Section 70 of the Incapacity Act contains a procedure under which the court can make an order ordaining the adult, or any person named in the order, to implement a decision of a welfare guardian. In future the sheriff will be able, on cause shown, to disapply the intimation requirement and the corresponding right to object within a prescribed period. In some such situations the new adult protection powers under Part 1 of the 2007 Act might be the better option.

Hitherto interim guardianship has been limited to three months. Sheriffs will be able to grant interim guardianships for three months or for a longer period up to a maximum of six months.

The discharge powers of the Public Guardian in relation to financial guardianships under s 72(1) of the Incapacity Act are extended to include cases where the guardianship order has expired. The recall powers of the Mental Welfare Commission under s 73(3) of the Incapacity Act will now be limited to mental disorder cases. A new procedure is created for recall of guardianship by the local authority where the chief social work officer is guardian. Where a guardian dies, the guardian’s personal representative – if aware of the guardianship – will be required to notify the Public Guardian, who in turn will require to notify the adult, the local authority and (in mental disorder cases) the Mental Welfare Commission; to register particulars; and to issue a fresh certificate to any surviving joint guardian, and/or to any substitute guardian.

Medical consent

An error in the Incapacity Act regarding consent by guardians, attorneys etc has been rectified, though only after the Society pointed out that the original drafting of the bill would have made matters worse. Consent by guardians etc will now be excluded only by regulations expressly excluding particular treatments (not by regulations mentioning them, whether to exclude or include).

    Adrian D Ward is convener of the Society’s Mental Health and Disability Committee and author of Adult Incapacity, published by W Green


The 2007 Act, by amendment at a late stage of procedure, introduced into the 1968 Social Work (Scotland) Act a new method of authorising certain welfare interventions which has direct relevance to practice under the Incapacity Act, because it introduces a new situation in which guardianship (or an intervention order) may no longer be required when such an order might well have been required previously. This follows much debate and discussion about “When to invoke the Act?”

(i.e. the Incapacity Act), a topic which could occupy a lengthy article in itself.

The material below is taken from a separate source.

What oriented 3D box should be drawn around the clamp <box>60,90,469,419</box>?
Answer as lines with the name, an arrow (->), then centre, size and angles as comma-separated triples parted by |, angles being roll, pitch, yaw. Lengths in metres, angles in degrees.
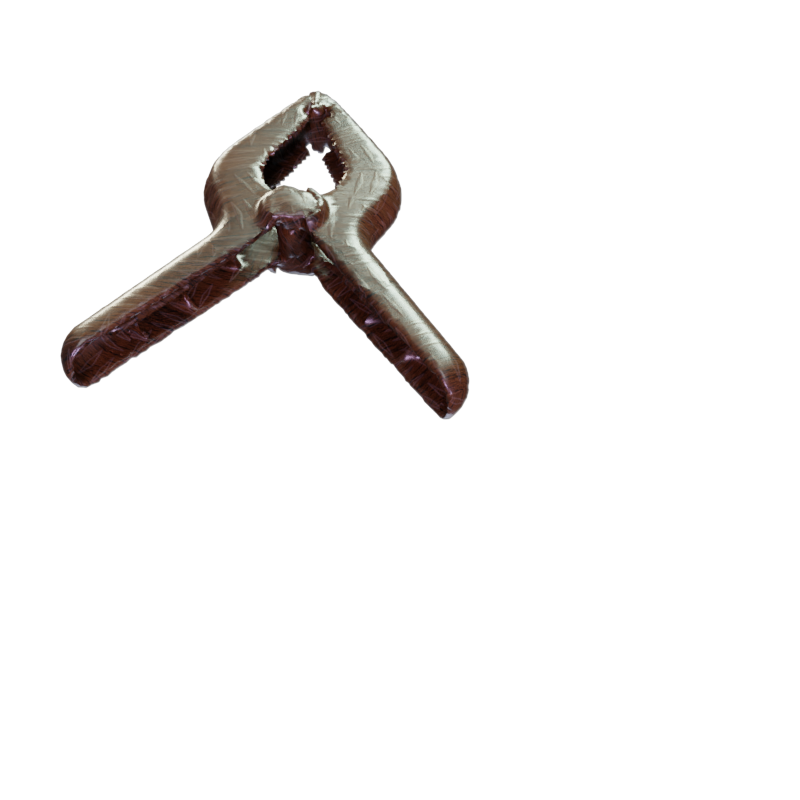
clamp -> -0.040, -0.073, 0.508 | 0.167, 0.034, 0.222 | 9, 45, 9

The new provision applies where a local authority has decided that an adult’s needs call for provision of a community care service and the adult is incapable in relation to decisions about the service. In that situation the local authority “may take any steps which they consider would help the adult to benefit from the service”, including (without prejudice to that generality) moving the adult to residential accommodation provided under the 1968 Act. The first four principles in s 1 of the Incapacity Act apply. The authority under the 1968 Act is disapplied where a guardian or welfare attorney has relevant powers, an intervention order has been granted relating to the proposed steps, or an application has been made (but not yet determined) for an intervention or guardianship order relating to the proposed steps.

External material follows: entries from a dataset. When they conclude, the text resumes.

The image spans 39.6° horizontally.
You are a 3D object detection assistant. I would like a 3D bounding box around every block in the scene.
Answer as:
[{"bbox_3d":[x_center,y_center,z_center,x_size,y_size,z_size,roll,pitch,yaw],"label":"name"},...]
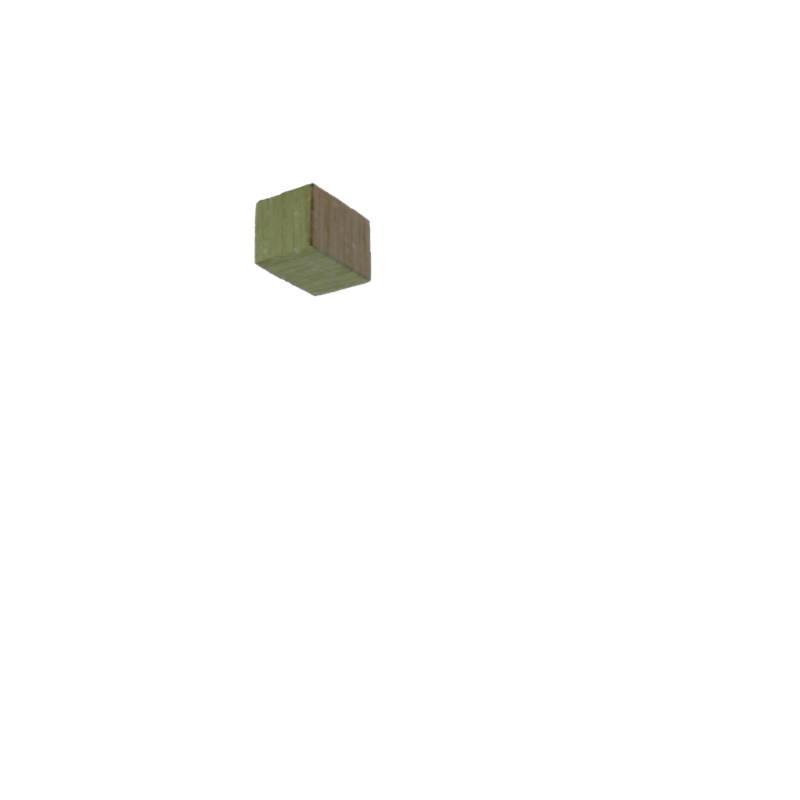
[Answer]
[{"bbox_3d":[-0.063,-0.115,0.808,0.054,0.054,0.073,-14,-24,30],"label":"block"}]

This section will require to be read along with s 5 of the 1968 Act, which requires local authorities to act under the general guidance of Scottish Ministers and to comply with their directions. The relevant guidance is entitled “Guidance for Local Authorities (March 2007) Provision of community care services to adults with incapacity”. It sets out procedures and criteria which in effect permit use of this new procedure under the 1968 Act only in situations which are genuinely non-controversial, and where the adult is entirely compliant. It would appear to follow from this that it will never be appropriate for a sheriff to refuse an application under Part 6 of the Incapacity Act on the grounds that the new procedure under the 1968 Act is available, because under the guidance the 1968 Act procedure will be inapplicable where there is such disagreement as results in someone who claims an interest making application under Part 6.